Book review: Please Kill Me: The Uncensored Oral History of Punk
Gillian McCain and Legs McNeil, Grove Press, 448 pages
It’s time for a music test.
Name your top-five rock bands. Here are mine:
- The Rolling Stones
- The Velvet Underground
- Jonathan Richman/The Modern Lovers
- Joy Division/New Order
- The Clash
Notice: My bands were rocking before 1980.
Now compare my list to yours.
If your bands were also rocking before 1980, congratulations! You have an important quality we Gen-Xers call soul.
If your list was tripped up by post-1980 performers like Michael Jackson, Nine Inch Nails, The Beastie Boys, or Jay-Z, it’s understandable, even possible, hope for you is not lost and your musical proclivities might still be intact.
After all, we Gen-Xers who grew up relatively un-parented riding around construction sites on BMX bikes aren’t too judgmental, at least when it comes to those born after us who were ‘overly-loved,’ coddled and nurtured, and yet were still somehow raised by electronic devices with the world at their fingertips that made them suffer a lack of taste.
How could we be judgmental? My generation had to learn everything by ourselves, through trial and error — including the value of digging up old dusty albums at record stores, as well as discovering there are exceptions to every rule.

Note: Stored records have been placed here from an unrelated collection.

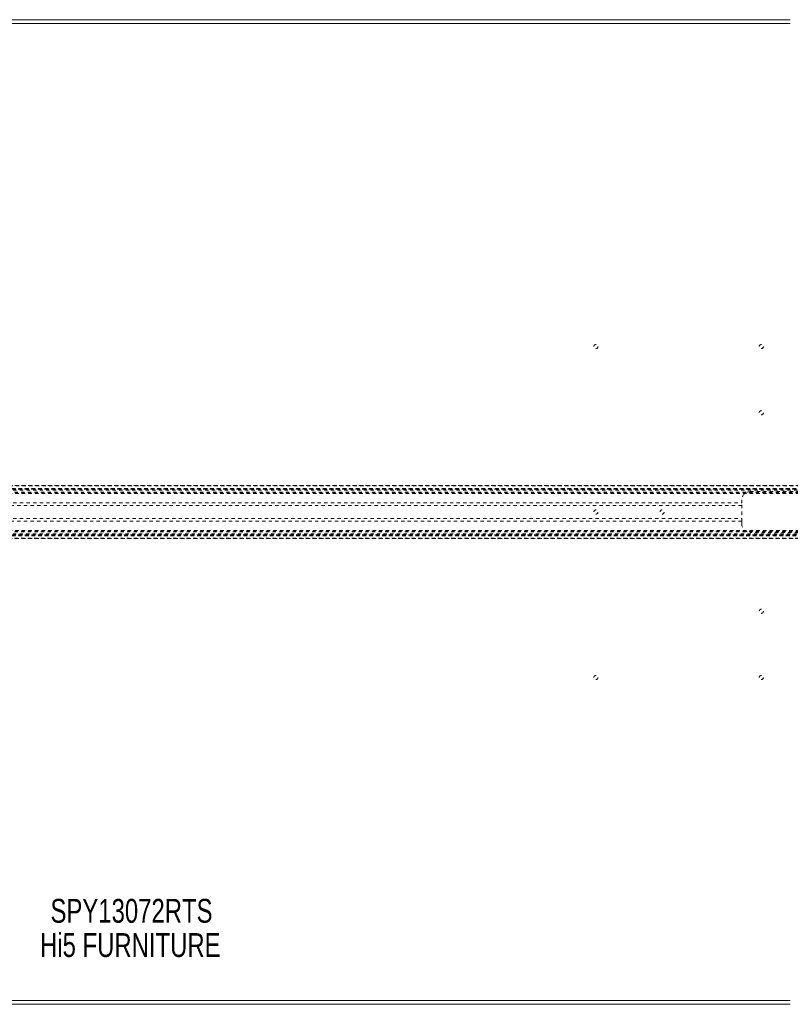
# Model space of a CAD drawing. Header units: inches. Extents: x 7.1 to 78.6, y 25.7 to 55.4.
# Tile 4 of 6: x 40.4 to 63.7, y 25.7 to 55.4. Entities that reach past the tile are written whole.
import ezdxf

# ---------------------------------------------------------------- set-up
doc = ezdxf.new("R2010")
doc.units = ezdxf.units.IN
doc.header["$MEASUREMENT"] = 0
doc.linetypes.add('SLD-Dashed', pattern=[0.075, 0.05, -0.025])
doc.linetypes.add('SLD-Solid', pattern=[0])
doc.layers.add('HI5-SYMBOLTEXT', color=5, linetype='SLD-Solid')
doc.styles.add('SLDTEXTSTYLE0', font='TXT', dxfattribs={"width": 0.75})

# ---------------------------------------------------------------- blocks, each defined once
blk = doc.blocks.new('SW_NOTE_0')
at = {"layer": 'HI5-SYMBOLTEXT', "color": 0, "char_height": 0.72, "attachment_point": 1, "style": 'SLDTEXTSTYLE0'}
for s, insert in [('SPY13072RTS', (0, 0.928)), ('Hi5 FURNITURE', (-0.316, -0.107))]:
    blk.add_mtext(s, dxfattribs=dict(at, insert=insert))

msp = doc.modelspace()

# ---------------------------------------------------------------- linework, layer by layer
at = {"color": 7, "linetype": 'SLD-Solid', "lineweight": 15}
for p, q in [((21.965, 55.432), (63.715, 55.432)), ((21.965, 55.314), (63.715, 55.314)), ((63.715, 55.314), (21.965, 55.314)), ((63.715, 25.801), (21.965, 25.801)), ((21.965, 25.801), (63.715, 25.801)), ((63.715, 25.682), (21.965, 25.682))]:
    msp.add_line(p, q, dxfattribs=at)
at = {"color": 7, "linetype": 'SLD-Dashed', "lineweight": 0}
for p, q in [((19.501, 41.362), (66.18, 41.362)), ((66.179, 41.363), (19.502, 41.363)), ((19.513, 41.35), (66.167, 41.35)), ((19.584, 41.272), (66.097, 41.272)), ((66.097, 41.272), (19.584, 41.272)), ((66.093, 41.268), (19.588, 41.268)), ((19.591, 41.264), (66.09, 41.264)), ((66.09, 41.264), (19.591, 41.264)), ((66.085, 41.258), (19.595, 41.258)), ((19.603, 41.249), (66.078, 41.249)), ((19.604, 41.248), (66.077, 41.248)), ((66.076, 41.246), (19.605, 41.246)), ((66.074, 41.244), (19.607, 41.244)), ((19.629, 41.213), (66.051, 41.213)), ((19.668, 41.156), (66.013, 41.156)), ((19.683, 41.13), (65.997, 41.13)), ((19.694, 41.113), (65.987, 41.113)), ((62.5, 41.172), (64.75, 41.172)), ((23.43, 40.839), (62.25, 40.839)), ((62.25, 40.839), (62.25, 40.922)), ((62.25, 40.276), (62.25, 40.839)), ((62.25, 40.755), (23.43, 40.755)), ((23.43, 40.36), (62.25, 40.36)), ((62.25, 40.276), (23.43, 40.276)), ((62.25, 40.192), (62.25, 40.276)), ((66.077, 39.867), (19.604, 39.867)), ((19.605, 39.869), (66.076, 39.869)), ((19.607, 39.871), (66.074, 39.871)), ((19.623, 39.893), (66.057, 39.893)), ((19.668, 39.959), (66.013, 39.959)), ((19.683, 39.984), (65.997, 39.984)), ((19.694, 40.002), (65.987, 40.002)), ((64.75, 39.942), (62.5, 39.942)), ((19.5, 39.752), (66.181, 39.752)), ((66.18, 39.752), (19.501, 39.752)), ((19.502, 39.752), (66.179, 39.752)), ((66.167, 39.764), (19.513, 39.764)), ((66.097, 39.842), (19.584, 39.842)), ((19.584, 39.842), (66.097, 39.842)), ((19.588, 39.847), (66.093, 39.847)), ((19.589, 39.848), (66.092, 39.848)), ((66.09, 39.851), (19.591, 39.851)), ((19.591, 39.851), (66.09, 39.851)), ((66.08, 39.863), (19.6, 39.863))]:
    msp.add_line(p, q, dxfattribs=at)
for centre in [(57.84, 45.557), (62.84, 45.557), (62.84, 43.557), (57.84, 40.557), (59.84, 40.557), (62.84, 37.557), (57.84, 35.557), (62.84, 35.557)]:
    msp.add_circle(centre, 0.0625, dxfattribs=at)
for centre, start, end in [((62.5, 40.922), 90, 180), ((62.5, 40.192), 180, 270)]:
    msp.add_arc(centre, 0.25, start, end, dxfattribs=at)

# ---------------------------------------------------------------- block references
at = {"layer": 'HI5-SYMBOLTEXT', "color": 5}
msp.add_blockref('SW_NOTE_0', (41.356, 27.939), dxfattribs=at)

doc.saveas('drawing.dxf')

So, although artists like Michael Jackson or Nine Inch Nails or The Beastie Boyz of Jay-Z do not qualify as rock bands, per se, the King of Pop and others of his kind that followed after him in the 1980s have a unique sound – even groove, I dare say – that makes them outstanding and in a league of their own, perhaps, even if they technically do not qualify to be on your top-five rock list.
However, if most of your top-five bands were not performing at their peak prior to 1980, then I am here to tell you that you still have serious living, and learning, to do; and if they included names like New Kids on the Block, One Direction or Nickelback, then forget it: I’m afraid there’s nothing I can do to redeem your soul.
But for the majority of you who failed to prove cool you are with your band picks and simply need an adjustment to your education, I have a solution. Please Kill Me: The Uncensored History of Punk, is an amazing assortment of interviews from the most talented musicians to emerge from the post-hippy, fuck-you scene of New York and London in the 1960s and ’70s.
If you read this book, I you’ll get up to speed in a heartbeat on the greatest angst-ridden tunes of my (therefore your) generation — even if it might be true that your poor, sad self – tragically born in the wrong century — still doesn’t know who or what the hell I’m talking about…yet.
As for me and my fellow Gen-Xers already resigned to a broader and more historical view of American culture, my only regret reading Please Kill Me was that it felt too nostalgic, too close to home.
The insanity of these bands, their rise and fall, fueled by their volatile youth, battered egos, and staggering capacity for excess was just a little too reminiscent of being in my twenties again, traipsing around Hollywood, again, and hanging out with my buddies at their shows…again…except, of course, those featured in this collection managed to get paid for their awfully wonderful music they made.
Not so for my friends or the vast majority of artists I know, and why many choose to stop playing once the passion fades. Life and its demands get in the way.
Still, it’s like Please Kill Me author Legs McNeil said, “What was great about the scene was that people’s curiosity seemed stronger than their fear.”
You only live once, so get off the couch and keep rocking, peeps.